Bug #57335 abnormal termination of the backup process could leave the global lock active
Submitted: 8 Oct 2010 6:35 Modified: 28 Jan 2011 18:42
Reporter: Victor Kirkebo Email Updates:
Status: Closed Impact on me:
None 
Category:MySQL Enterprise Backup Severity:S3 (Non-critical)
Version:3.5.2 OS:Any
Assigned to: Satya B CPU Architecture:Any

[8 Oct 2010 6:35] Victor Kirkebo
Description:
If you start a backup and the backup process terminates abnormally it might fail to release the global lock it acquired earlier when it issued "FLUSH TABLES WITH READ LOCK".

An example:
I started a backup on a running system and several hours later I came back and realized that the backup had failed.
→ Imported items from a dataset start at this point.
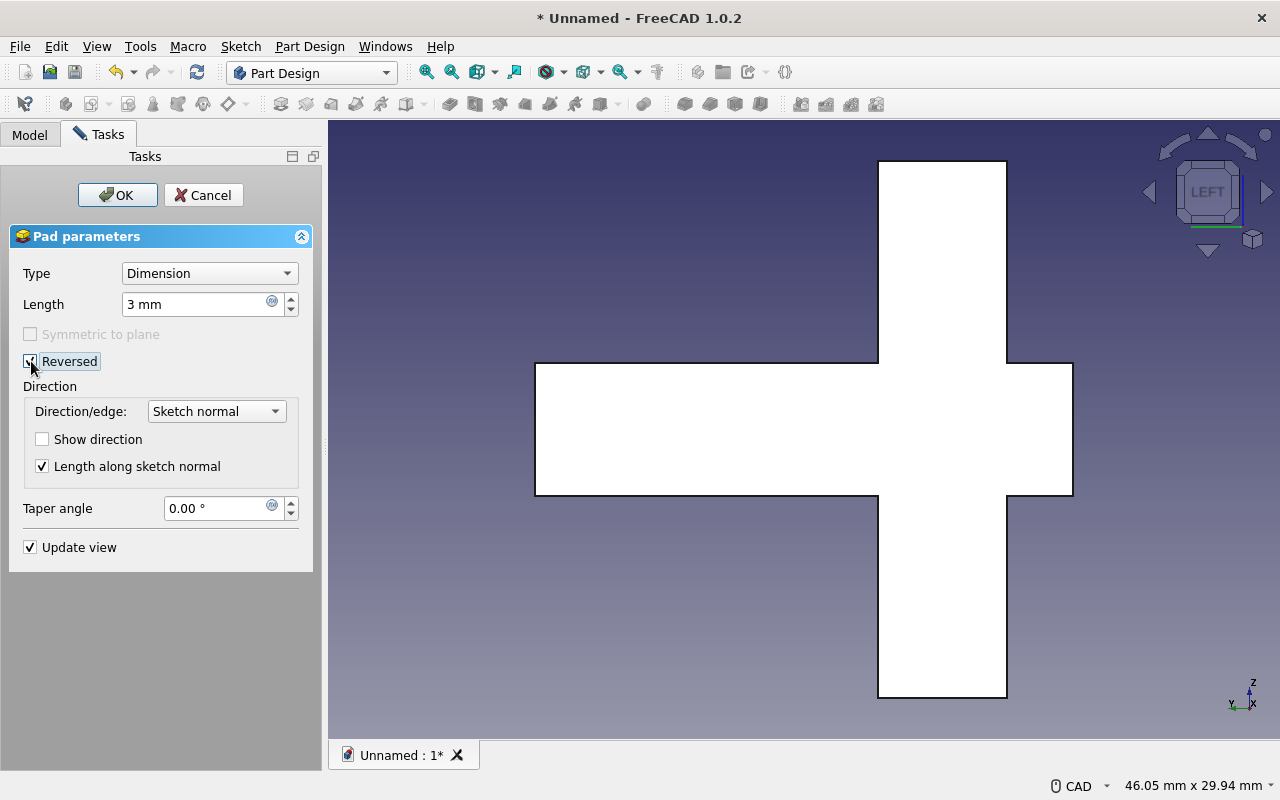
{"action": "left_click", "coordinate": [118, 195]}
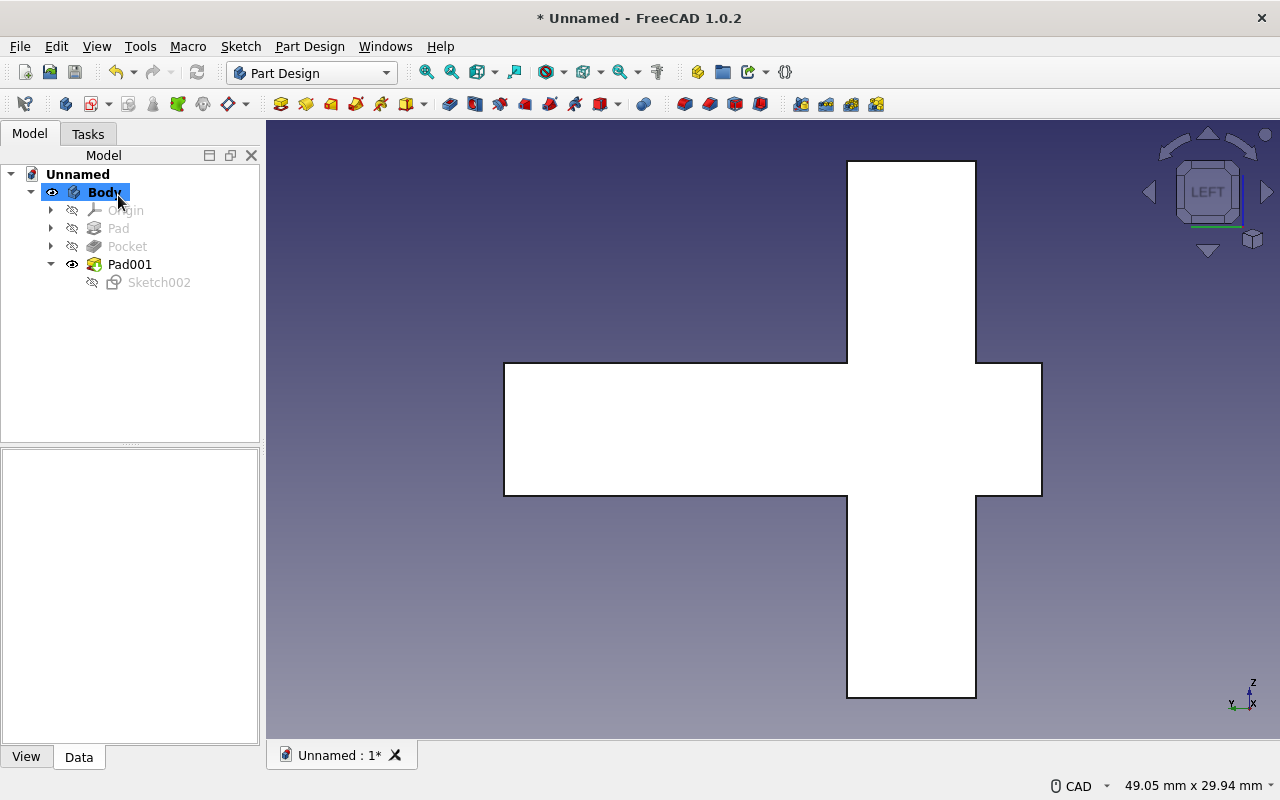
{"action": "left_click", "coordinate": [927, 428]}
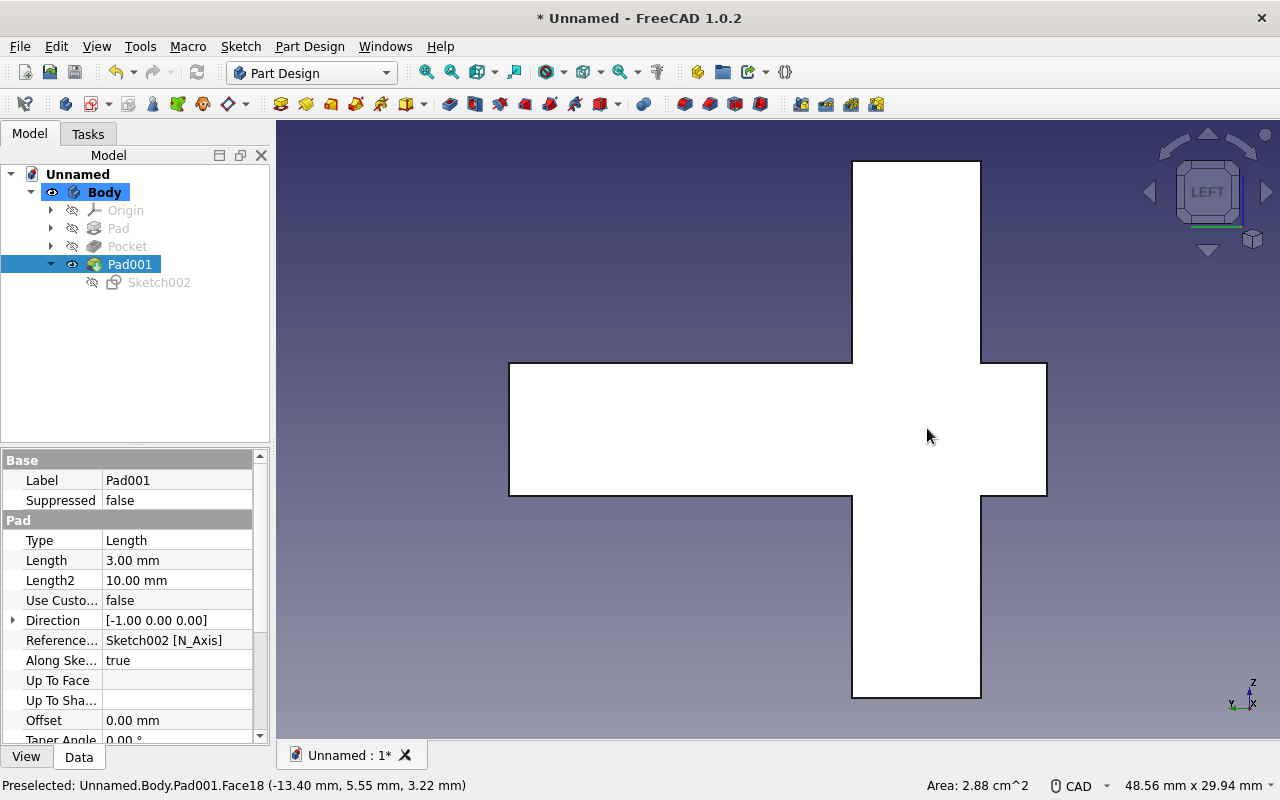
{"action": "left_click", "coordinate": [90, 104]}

Specifically, mysqlbackup must have failed at the start of the backup of non-InnoDB tables since ibbackup had already produced the file ibbackup_suspended, the "FLUSH TABLES.." command had been issued but the backup image did not yet contain any non-InnoDB files.
From the processlist I could see that the global lock had not been released as it would have been had mysqlbackup terminated normally.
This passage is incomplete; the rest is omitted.